By Shinji Higashijima, FINA World Aquatics Magazine Correspondent (JPN)

Here is the next Japanese contender to challenge the greats of breaststroke.

Since Kosuke Kitajima’s last big win in 2008 – when he achieved the 100-200m golden double for the second time at the Olympics – swimmers from other continents have taken over and reigned in this stroke.

But Ippei Watanabe sent out a strong signal in late January this year that Japan is ready to hit back. He set the first world record of the year, fittingly at the Kosuke Kitajima Cup in Tokyo, lopping off a chunk of the 200m mark.

Kitajima, one of the greatest breaststrokers of all time, ruled for the best part of a decade at the Olympics, although he shared the spoils in great duels with Brendan of the US at the Worlds.

After the Beijing Olympics others moved to the fore. In the 100m it was notably the late Alexander Dale Oen from Norway, South Africa’s Cameron van den Burgh and, for the last few years, Great Britain’s Adam Peaty.

In the 200m Hungarian Daniel Gyurta had a five-year spell on the throne, then came Marco Koch (GER) and, most recently, Dmitriy Balandin (KAZ) at the Rio Olympics.

(left) Ippei Watanabe with a silver medal at FINA SWC 2016 in Hong Kong

Breaking records in unusual times

Now Japan seems to have produced another great breaststroker. In fact, Ippei Watanabe first made his mark when he won the Youth Olympic 200m breast title in 2014.

In Rio last year he set an Olympic record in the 200m semis (2:07.22) but he was unable to repeat that performance in the final – it would have brought him the gold - and had to settle for sixth place.

On 29 January Watanabe, then still 19, proved once more that he was capable of reaching unprecedented speed, becoming the first swimmer ever to go under 2:07 when he clocked 2:06.67. It is interesting to note that the last two world records in the 200m breast were set in Japan but away from the big meets.

The previous record, dating back to September 2012, belonged to Akihiro Yamaguchi, who had not qualified for the Olympics that year but brought down the global mark just weeks after Gyurta had set it in winning the Olympic title in 2:07.23 in London. In the Japanese city of Gifu, four days after his 18th birthday, Yamaguchi lowered the mark to 2:07.01, a time which remained out of reach until Watanabe smashed it in January, a very unusual time of the year for such a feat as January has rarely seen records broken in swimming (or in other summer sports).

Now the all-time list features three times at the top which were clocked in non-major events, Gyurta’s London world record sits in fourth place (further proof that especially in the longer breaststroke event it’s the racing which really counts when medals are at stake and it seldom combines with record-breaking performances – back at the 2009 Worlds in Rome, in the shiny-suit era, when almost every world record fell, the 200m breast was one of the rare exceptions, with no record set in either the men’s or the women’s field.)

“Oh my God!
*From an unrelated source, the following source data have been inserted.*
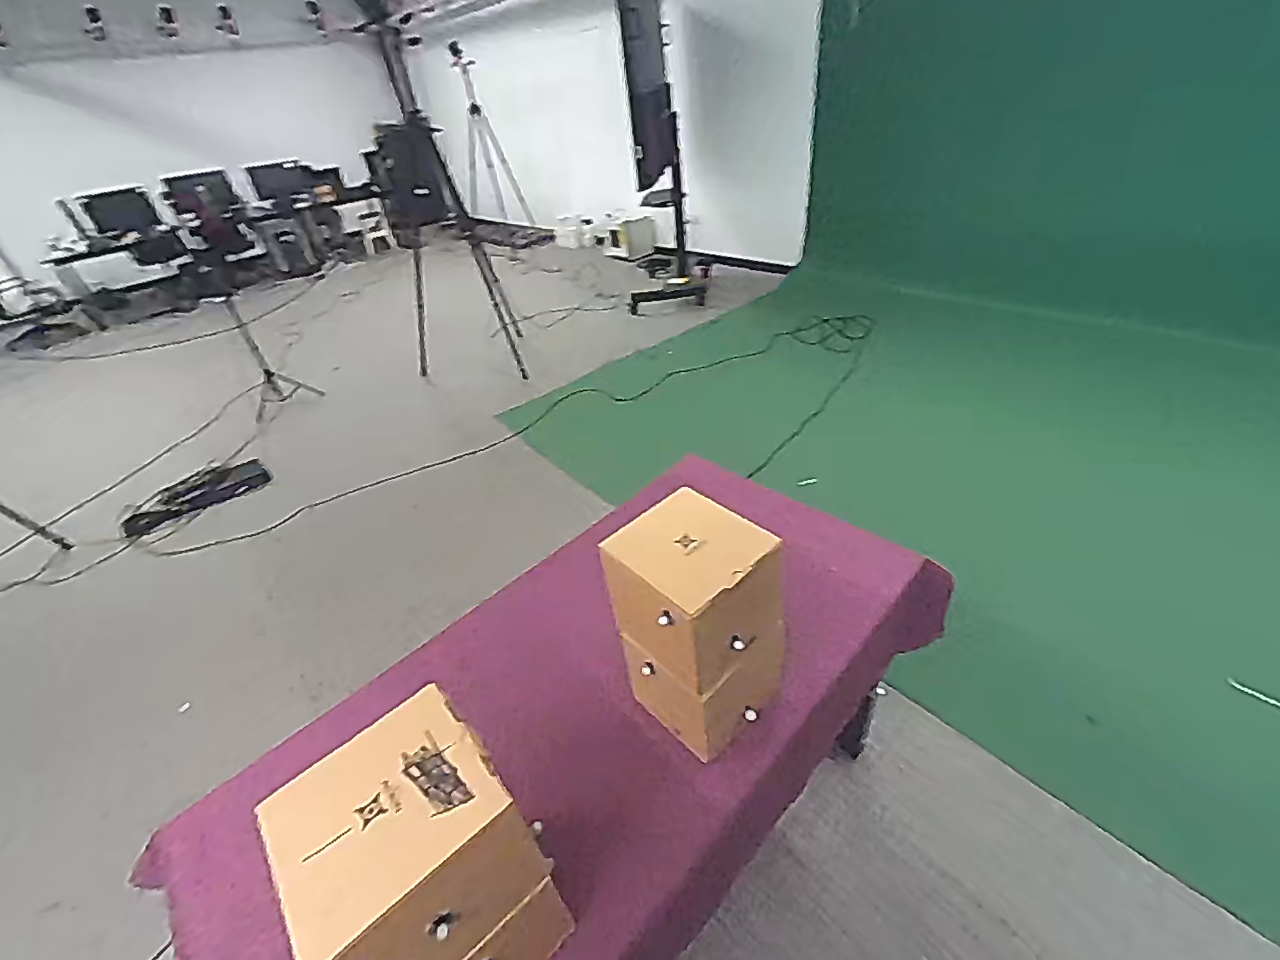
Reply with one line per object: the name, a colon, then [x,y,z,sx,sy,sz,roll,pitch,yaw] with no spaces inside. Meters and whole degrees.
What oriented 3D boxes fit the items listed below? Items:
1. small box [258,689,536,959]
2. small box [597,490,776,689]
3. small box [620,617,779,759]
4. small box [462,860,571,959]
small box: [-0.218,0.353,0.524,0.179,0.176,0.168,-34,44,-29]
small box: [0.065,0.147,0.745,0.168,0.176,0.179,-33,44,-29]
small box: [0.092,0.281,0.836,0.179,0.176,0.168,-32,42,-30]
small box: [-0.202,0.487,0.616,0.179,0.176,0.168,-32,43,-29]

I am so surprised”

Anyway, in Tokyo everything came together for Watanabe. Right after he finished the race, he carefully watched and checked his new world record time on the electronic scoreboard, then ecstatically smashed the water with his right hand.

Later he told the press with a happy smile:

“Oh my God! I am so surprised at this world record. I felt in the race that I was going to swim around 2:08. I am not tired at all. I feel even easy now, so I will be able to swim faster at the Japan Nationals in mid-April, then at the World Championships in Budapest. I want to swim faster year by year. Now I believe in myself, I know I can do that. I strongly want to be not only a world record breaking swimmer but also a golden swimmer at the Tokyo Olympic Games. I want to be a champion!”
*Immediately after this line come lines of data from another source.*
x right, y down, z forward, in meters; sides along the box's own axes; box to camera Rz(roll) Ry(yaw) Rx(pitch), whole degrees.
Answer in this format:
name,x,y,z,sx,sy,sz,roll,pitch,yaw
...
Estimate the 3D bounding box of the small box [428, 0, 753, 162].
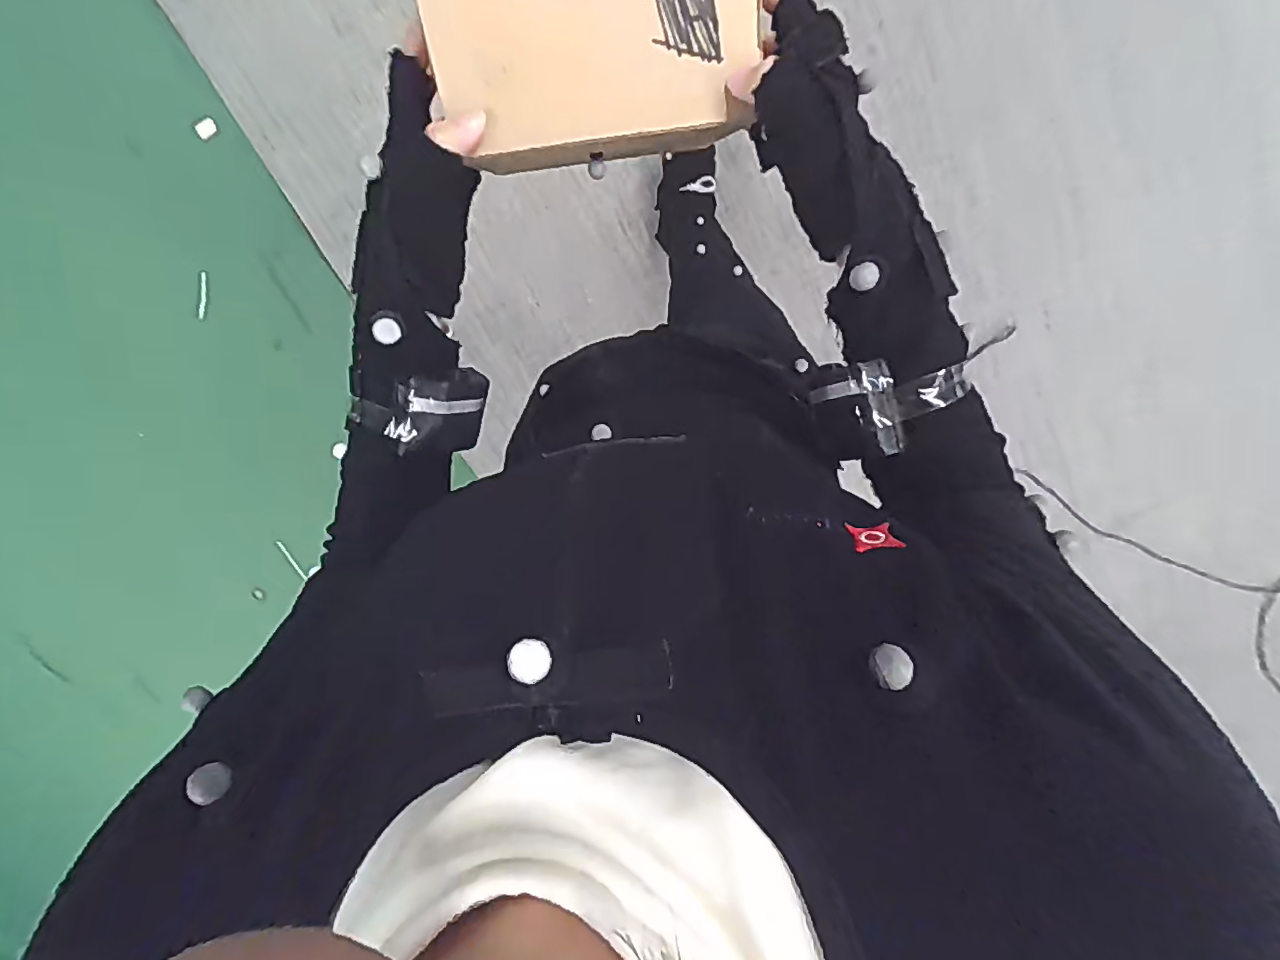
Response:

Watanabe also recalled the bad memories of Rio.

“I had a big disappointment after coming sixth in the men’s 200m breaststroke final. I didn’t win any medals despite being qualified as the fastest swimmer in the final. I had a big regret from the final of Rio de Janeiro. However, this regret motivates me to become much stronger.”

To introduce the new record-holder briefly, he has three older sisters and was born in Tsukumi, Oita Prefecture, south-east of Fukuoka, on March 18, 1997. He is a student at Waseda University, majoring this year in sports science. He graduated from Tsukumi junior high school in 2012 and Saikikakujyo high school in 2015. He and his team had a training camp at high altitude in New Mexico in the USA in February and March and they will come home just before the Japan Nationals in Tokyo’s Nihon Gaishi Arena in mid-April. His next target is to break his own world record, and he also wants to challenge for the 100m world record at the Budapest FINA World Championships.